[Source data]

-------------------------

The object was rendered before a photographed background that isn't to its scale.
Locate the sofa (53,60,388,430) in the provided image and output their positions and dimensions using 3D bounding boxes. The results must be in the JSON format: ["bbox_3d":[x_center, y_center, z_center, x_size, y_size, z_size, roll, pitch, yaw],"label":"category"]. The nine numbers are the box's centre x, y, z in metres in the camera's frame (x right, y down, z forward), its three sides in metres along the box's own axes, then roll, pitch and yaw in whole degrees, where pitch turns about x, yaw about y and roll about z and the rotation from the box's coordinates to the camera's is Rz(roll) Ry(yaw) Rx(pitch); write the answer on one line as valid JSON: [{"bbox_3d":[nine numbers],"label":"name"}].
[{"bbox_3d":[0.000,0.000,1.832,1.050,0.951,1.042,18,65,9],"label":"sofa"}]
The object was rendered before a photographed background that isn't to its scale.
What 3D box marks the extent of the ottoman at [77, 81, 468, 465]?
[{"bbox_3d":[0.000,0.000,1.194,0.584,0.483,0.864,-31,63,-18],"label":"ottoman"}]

-------------------------

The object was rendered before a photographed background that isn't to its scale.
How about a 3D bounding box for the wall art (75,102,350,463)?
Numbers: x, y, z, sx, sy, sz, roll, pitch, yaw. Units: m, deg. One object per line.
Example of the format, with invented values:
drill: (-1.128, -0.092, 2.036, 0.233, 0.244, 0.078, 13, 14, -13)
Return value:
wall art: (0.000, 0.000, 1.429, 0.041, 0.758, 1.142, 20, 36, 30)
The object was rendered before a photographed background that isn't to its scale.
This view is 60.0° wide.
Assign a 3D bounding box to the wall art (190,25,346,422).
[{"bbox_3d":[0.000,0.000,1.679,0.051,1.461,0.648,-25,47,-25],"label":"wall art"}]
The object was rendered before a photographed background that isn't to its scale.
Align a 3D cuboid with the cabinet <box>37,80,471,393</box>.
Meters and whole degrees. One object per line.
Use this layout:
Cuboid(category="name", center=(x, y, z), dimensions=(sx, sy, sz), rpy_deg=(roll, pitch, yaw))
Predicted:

-------------------------

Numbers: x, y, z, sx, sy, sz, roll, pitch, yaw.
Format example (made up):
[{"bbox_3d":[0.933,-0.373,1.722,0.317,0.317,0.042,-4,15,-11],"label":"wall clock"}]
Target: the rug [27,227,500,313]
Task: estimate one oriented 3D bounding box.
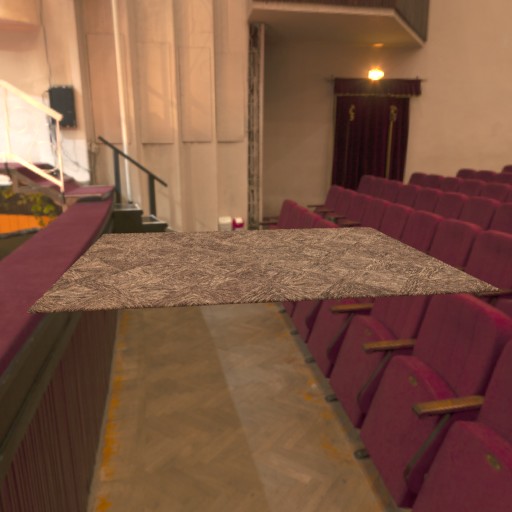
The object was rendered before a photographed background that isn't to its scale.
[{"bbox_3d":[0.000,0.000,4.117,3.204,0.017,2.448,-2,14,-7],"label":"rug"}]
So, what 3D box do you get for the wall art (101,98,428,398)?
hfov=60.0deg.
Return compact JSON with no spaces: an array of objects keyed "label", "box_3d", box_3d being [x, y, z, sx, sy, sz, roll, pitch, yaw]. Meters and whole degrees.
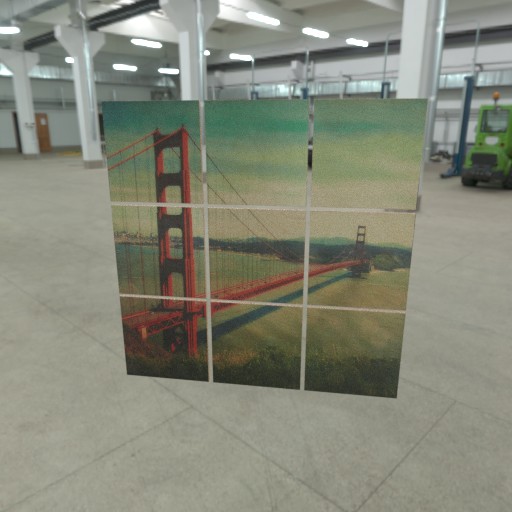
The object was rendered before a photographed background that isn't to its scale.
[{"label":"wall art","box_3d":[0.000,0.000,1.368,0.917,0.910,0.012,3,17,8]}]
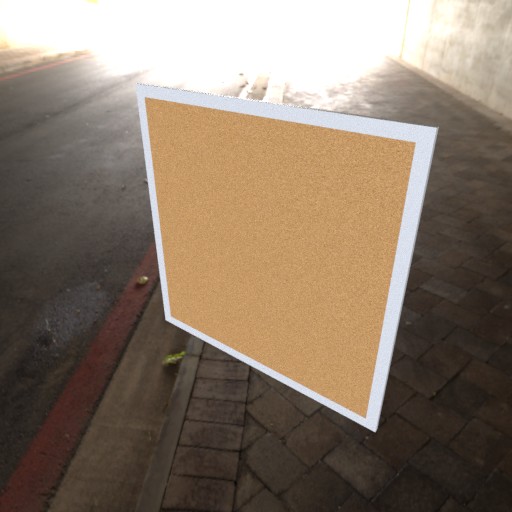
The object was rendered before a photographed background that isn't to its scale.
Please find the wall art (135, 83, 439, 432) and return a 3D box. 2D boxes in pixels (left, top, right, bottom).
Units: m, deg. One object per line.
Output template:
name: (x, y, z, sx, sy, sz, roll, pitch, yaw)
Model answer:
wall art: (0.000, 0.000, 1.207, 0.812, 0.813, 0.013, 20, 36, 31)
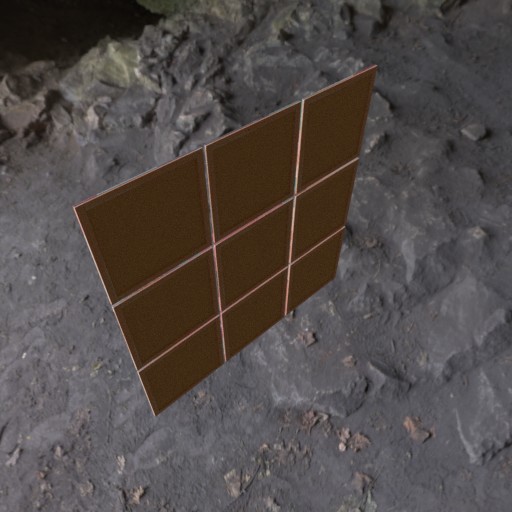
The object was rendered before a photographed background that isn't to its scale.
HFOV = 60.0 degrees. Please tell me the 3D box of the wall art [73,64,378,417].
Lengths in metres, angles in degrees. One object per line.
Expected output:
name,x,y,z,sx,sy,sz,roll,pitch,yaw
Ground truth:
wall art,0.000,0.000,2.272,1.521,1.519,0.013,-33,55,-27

-------------------------

* What you are asked to do *
Your answer should be one number, the count of lines in the records that contain the string "Please".

* Expected output *
2